TASK STATEMENT. Search the material for the string "after", then show every line where it turns up.

======== DATA TO EXAMINE

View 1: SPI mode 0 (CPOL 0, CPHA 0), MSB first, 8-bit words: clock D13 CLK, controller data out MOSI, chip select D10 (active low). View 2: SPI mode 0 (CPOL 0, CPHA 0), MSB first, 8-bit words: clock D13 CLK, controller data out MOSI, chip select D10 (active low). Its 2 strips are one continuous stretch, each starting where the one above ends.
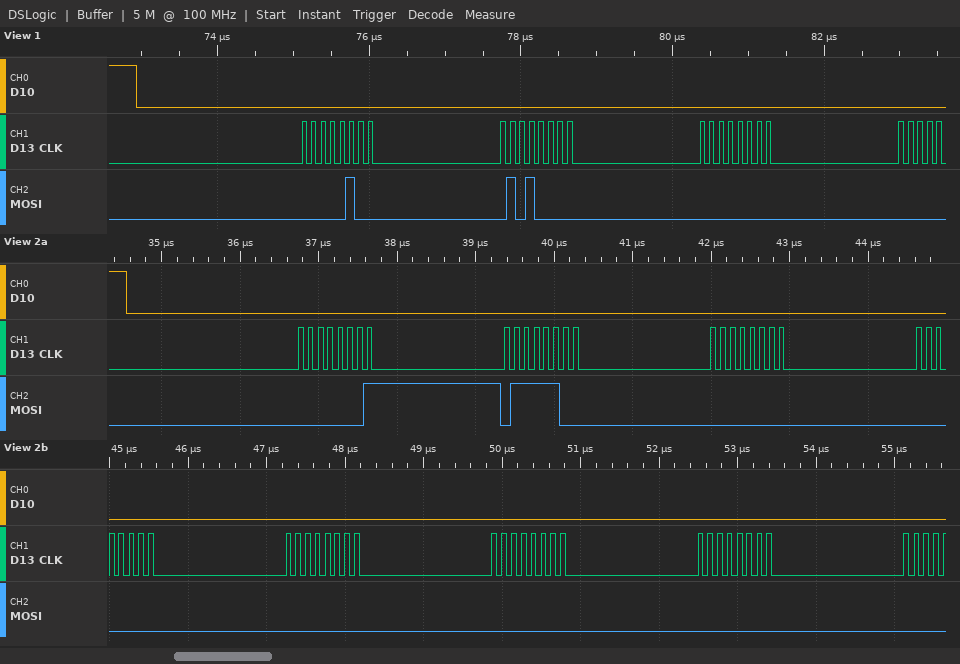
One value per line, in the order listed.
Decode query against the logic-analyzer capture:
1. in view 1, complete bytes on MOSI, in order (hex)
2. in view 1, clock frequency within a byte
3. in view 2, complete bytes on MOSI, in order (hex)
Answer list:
04 50 00
8 MHz
0x01 0x7C 0x00 0x00 0x00 0x00 0x00
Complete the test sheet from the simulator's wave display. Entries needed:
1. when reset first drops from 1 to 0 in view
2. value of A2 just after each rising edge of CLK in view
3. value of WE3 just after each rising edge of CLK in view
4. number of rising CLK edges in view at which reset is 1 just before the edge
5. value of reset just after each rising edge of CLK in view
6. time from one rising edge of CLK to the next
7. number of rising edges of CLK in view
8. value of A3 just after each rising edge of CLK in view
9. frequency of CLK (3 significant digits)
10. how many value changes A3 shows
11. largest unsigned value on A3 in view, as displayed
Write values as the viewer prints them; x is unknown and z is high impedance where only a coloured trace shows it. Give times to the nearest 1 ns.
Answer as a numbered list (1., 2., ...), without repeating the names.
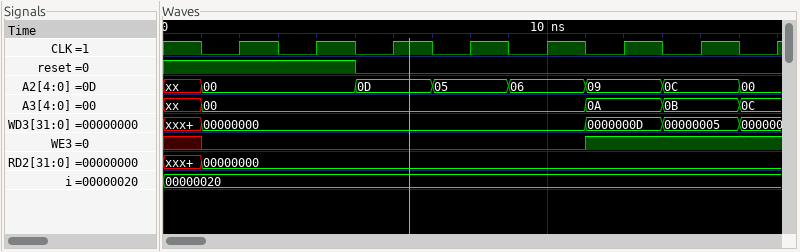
1. 5 ns
2. 00, 00, 0D, 05, 06, 09, 0C, 00
3. 0 0 0 0 0 1 1 1
4. 2
5. 1 1 0 0 0 0 0 0
6. 2 ns
7. 8
8. 00, 00, 00, 00, 00, 0A, 0B, 0C
9. 500 MHz
10. 4
11. 0C
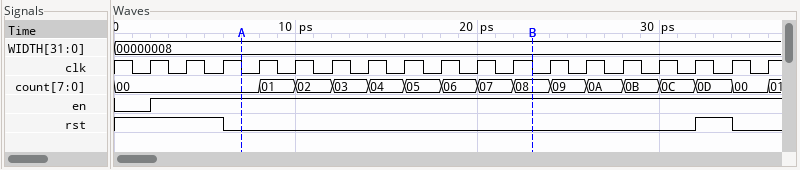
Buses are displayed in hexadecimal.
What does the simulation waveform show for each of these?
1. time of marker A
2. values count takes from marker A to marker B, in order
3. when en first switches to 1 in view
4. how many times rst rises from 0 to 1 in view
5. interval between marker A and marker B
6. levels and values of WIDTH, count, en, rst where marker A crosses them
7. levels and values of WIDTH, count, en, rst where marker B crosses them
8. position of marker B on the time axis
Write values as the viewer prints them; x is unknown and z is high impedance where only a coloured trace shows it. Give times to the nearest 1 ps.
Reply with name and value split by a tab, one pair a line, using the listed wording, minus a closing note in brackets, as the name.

================

EXERCISE RESPONSE.
2. value of A2 just after each rising edge of CLK in view
3. value of WE3 just after each rising edge of CLK in view
5. value of reset just after each rising edge of CLK in view
8. value of A3 just after each rising edge of CLK in view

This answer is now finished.